Over time I started to read photography blogs and listen to photography podcasts. I began to look at my travel photos with a more critical eye and tried to understand why my good photos were good and my bad photos bad. I eventually picked up a copy of Photoshop and the readers of my website noticed small, but consistent improvements in my travel photography.
This photo was taken in a moving motor boat. I visited Rennell, one of the more remote islands in the Solomon Islands. The village I visited didn’t get too many western visitors, so the kids had a great time following me around. When I left the village, the kids got in a canoe and started to follow my boat. This is the resulting photo.
In November 2007 I made the decision to start posting a photo every day on my travel blog, something which I’ve been doing every day now for almost three years. This was huge step for me because I had to come up with something reasonably good every day. Not every photo was going to be a home run, but I certainly had to try to not strike out. Every. Single. Day.
As photography became a bigger and bigger part of my site, I began to look for alternative photo hosting and sharing solutions. I didn’t want to be limited with the size of photos I uploaded, I wanted to fully customize the look and feel of my galleries and I wanted an easier way to integrate photos into my blog. In addition, I wanted a site that was easily searchable, public in nature and could help drive traffic to my official website.
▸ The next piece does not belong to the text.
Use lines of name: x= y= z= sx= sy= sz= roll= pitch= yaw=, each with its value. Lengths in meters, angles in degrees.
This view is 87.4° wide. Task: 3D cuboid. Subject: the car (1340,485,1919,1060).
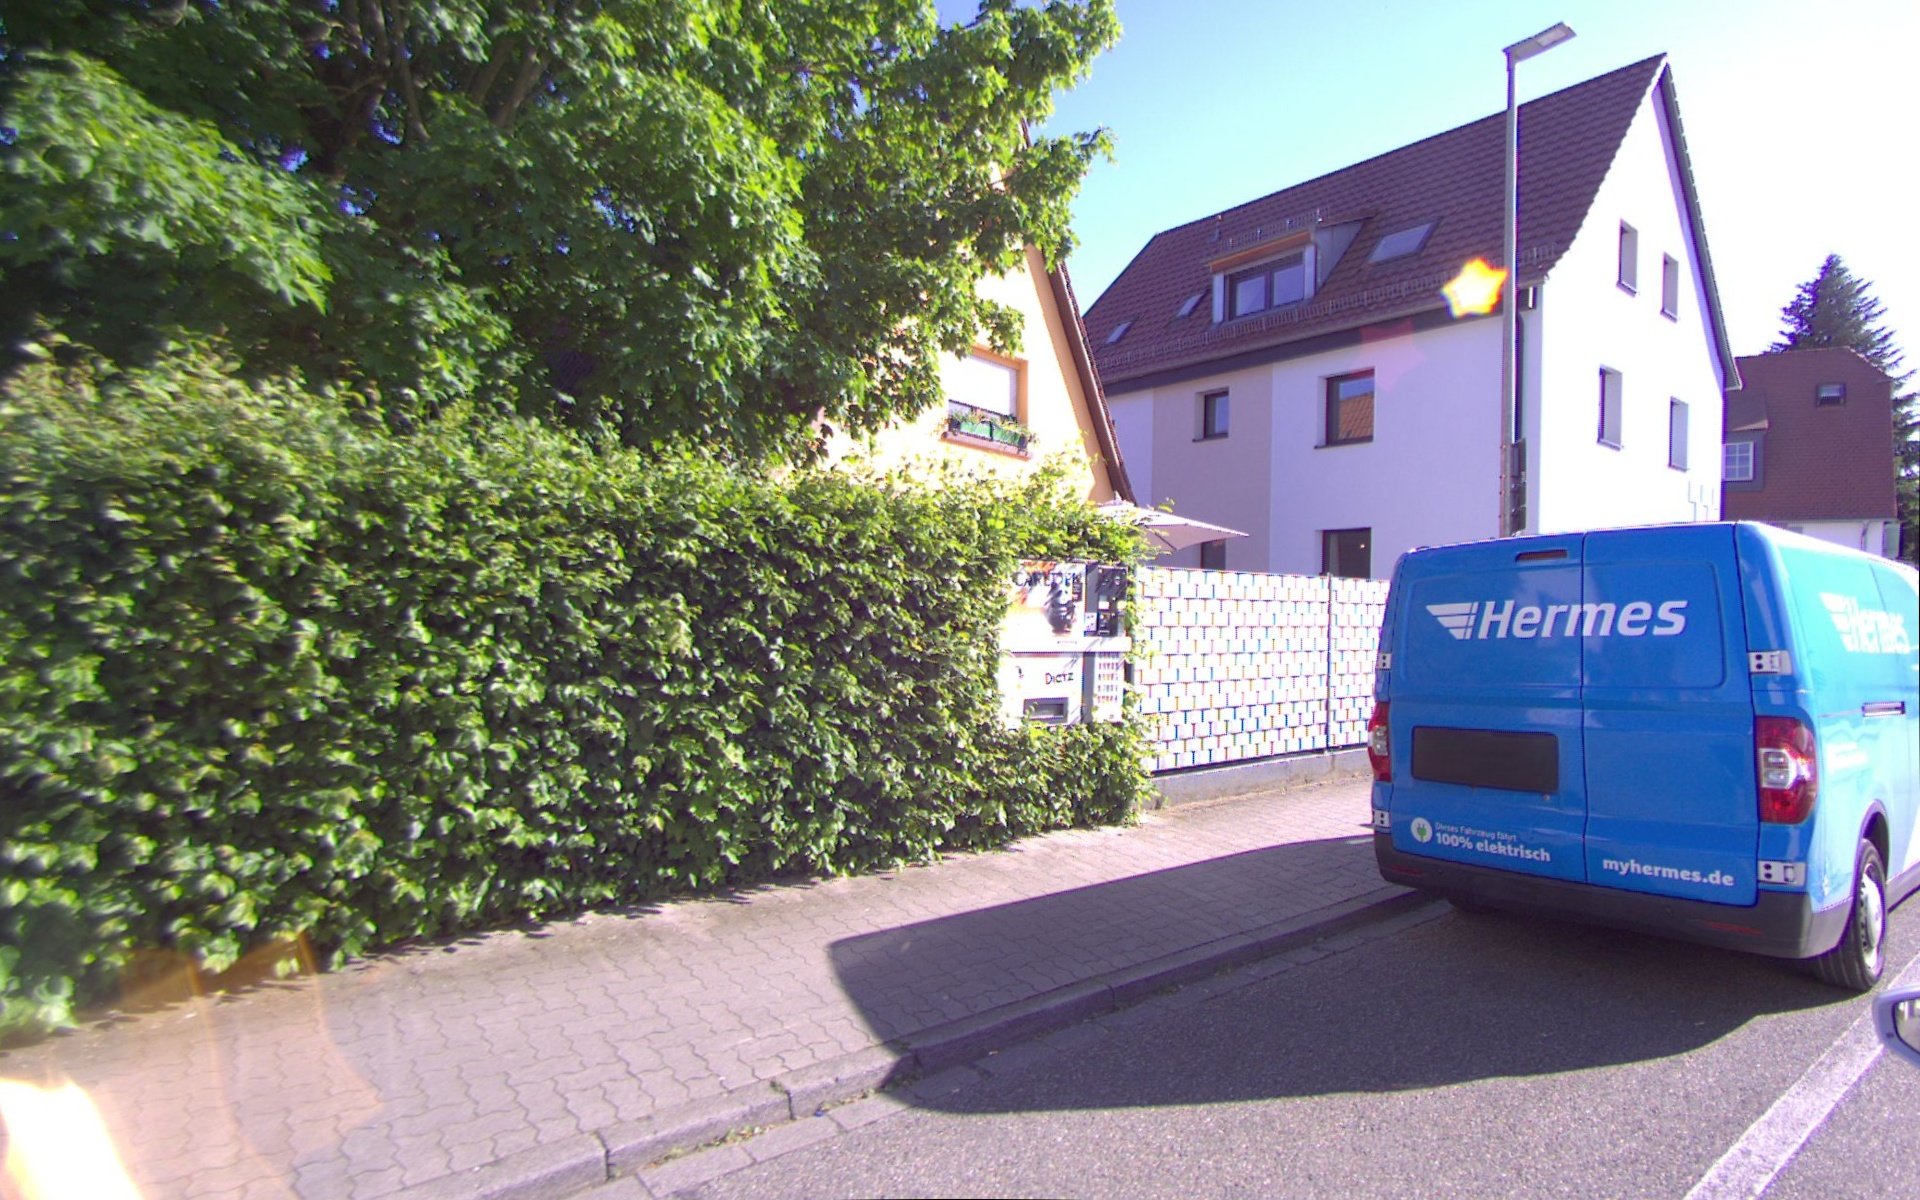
car: x=4.395 y=0.645 z=5.722 sx=5.025 sy=1.943 sz=1.888 roll=1 pitch=-2 yaw=-38

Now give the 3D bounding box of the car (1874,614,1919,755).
car: x=12.827 y=0.991 z=12.401 sx=3.891 sy=1.619 sz=1.701 roll=1 pitch=-2 yaw=-39

I eventually decided to move my photo hosting from Flickr to a Gallery2 installation, which I could host myself. This turned out to be a disaster. I didn’t save any money because of the additional storage costs from my web host. Trying to customize Gallery2 was a nightmare and extremely expensive. Worst of all, there was no real SEO benefit to hosting my own images. Self-hosting photos turned out to be a a bigger challenge than I was willing to deal with.
This photo was taken at the Indian Holi festival in Singapore. Much of the festival involves throwing colored dye on other participants. Keeping my camera clean and dye free was a challenge as most of the participants had no problems throwing dye on a man holding an SLR.
I had heard many photographers talk about SmugMug on some of the photography forums I read, and so decided to give them a try. It turned out to be incredibly easy to import all my photos from Flickr, even with a bad Internet connection overseas. I could use my own domain name, which was the main reason why I wanted to host my own images in the first place, and with SmugMug’s many sharing options, I could create images of any dimension just by modifying the URL of the photo (something I couldn’t do on Flickr).
Of all the decisions I’ve made in blogging and photography, moving to SmugMug has been one of the best. Every week or two there are new features being released; the SmugMug elves never seems to be resting on their laurels.
Since my move I’ve become a personal evangelist, telling everyone I know in the travel blogging community about SmugMug. I know I’ve been responsible for more new SmugMug customers than my referral code would suggest! I wear my SmugMug camera strap wherever I go and make sure to tell everyone about it when they ask me what it is.
I was in Bangkok in 2010 during the redshirt protests. I went out several times to photograph the protesters. I managed to position myself one day between several thousand redshirts and several hundred police officers. The photo of a young boy with the protesters really stuck with me.
There’s still a lot I want to do with my SmugMug account. My system of categories and subcategories needs some tweaking, I need to go through and properly tag my photos and at some point I’d like to hire someone to professionally customize my site. In 2011 I also hope to redesign my blog to allow readers to order prints of all my daily photos.
I can’t really envision having a serious photography website without having SmugMug as the back end.